「変わらない前提」を維持するワクチンのこと

「事実が事実として通用する」世の中は、恐らくは不自然な状態。

もちろんそんなありかたが心地いいと感じる人が多数派だからこそ、 たいていの場合、事実は事実として通用するけれど、 「事実がそのまま通用すること」と、「その事実が運用不可能であること」とは、 やはり同じではありえない。

不変の価値が共有されても、世の中にはやはり、それを変えたい人がいる。

問題を相対化して撹乱するやりかたは、相対化を狙う側からは、やっぱり有効な手段に思えて、 そんなやりかたを否定する人たちが盛り上がっていたけれど、 やっぱり「個別に潰す」やりかた以外の解決策が見えてこない。

議論相対化の回避手段と、「変わらない前提」を信じる人達に課せられた義務について。

状況を維持する予防医療

問題を相対化するやりかたが、とりあえず「邪悪」なものであったとしても、 邪悪なやりかたは広まりやすくて、一度広まった相対主義は、根絶するのが難しい。

価値の絶対性を信じる人達は、その価値を運用しようとする人達を叩く。 叩かれた人は、もしかしたら価値の運用を止めるけれど、「運用」という病気は 感染症みたいに広まる。「感染した」誰かを叩いても、世間に「予防」を 行わないなら、相対化のやりかたは、必ず再発する。

恐らくは、ウィルス感染症のイメージが近いのだと思う。

インフルエンザや麻疹みたいなウィルス感染症は、もちろんそれが無い世の中のほうが 望ましいけれど、それは本来「不自然」な状態。

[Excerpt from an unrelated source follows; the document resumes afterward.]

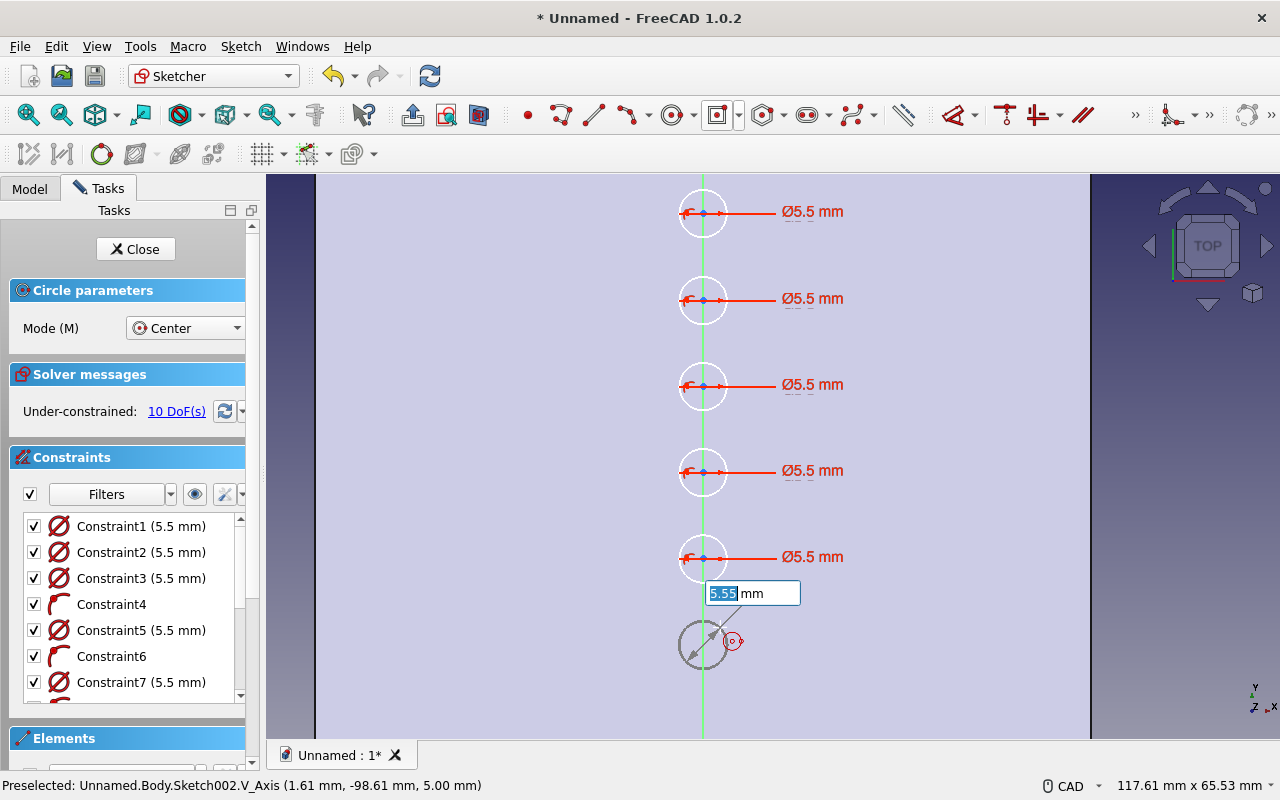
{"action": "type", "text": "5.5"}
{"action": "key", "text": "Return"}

みんながそれを望んでも、 ウィルスはやっぱり世の中にいるし、一度感染した人は、ウィルスを回りにばらまく。

自然界では、たぶん一定数の人が「感染」して、その人達はしばしば自然治癒したり、 不幸な転帰をたどったりする。

医師という人種は、「病気は世の中に無いほうがいい」という価値の絶対性を信じてる。 自分達の価値を世の中に蔓延させるために、「ワクチン接種」という行動を通じて、 「感染症の無い世の中」という、不自然な状態を目指す。

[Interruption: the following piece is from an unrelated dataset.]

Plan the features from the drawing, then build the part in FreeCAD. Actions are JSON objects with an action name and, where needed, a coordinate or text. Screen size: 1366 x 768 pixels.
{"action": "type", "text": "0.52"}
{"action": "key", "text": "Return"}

変わらない価値を信じることが「正しいこと」なのだとしても、 それ自体はきっと、ある種不自然な経過で出来上がった状態。 価値の絶対性を信じる人達は、もしもその状態を維持したいと思うのならば、 まだ「感染」を生じていない人に「免疫」をつける義務が 発生するのだと思う。

ワクチンのやりかた

「事実が事実として通用する」という時点で、その絶対性を信じる人達には、 やっぱり何らかの利権が発生する。利権に対する代償、あるいは絶対性を 維持するためのコストとして、その人たちにはきっと、 絶対的な事実が通用する社会を維持する義務が発生する。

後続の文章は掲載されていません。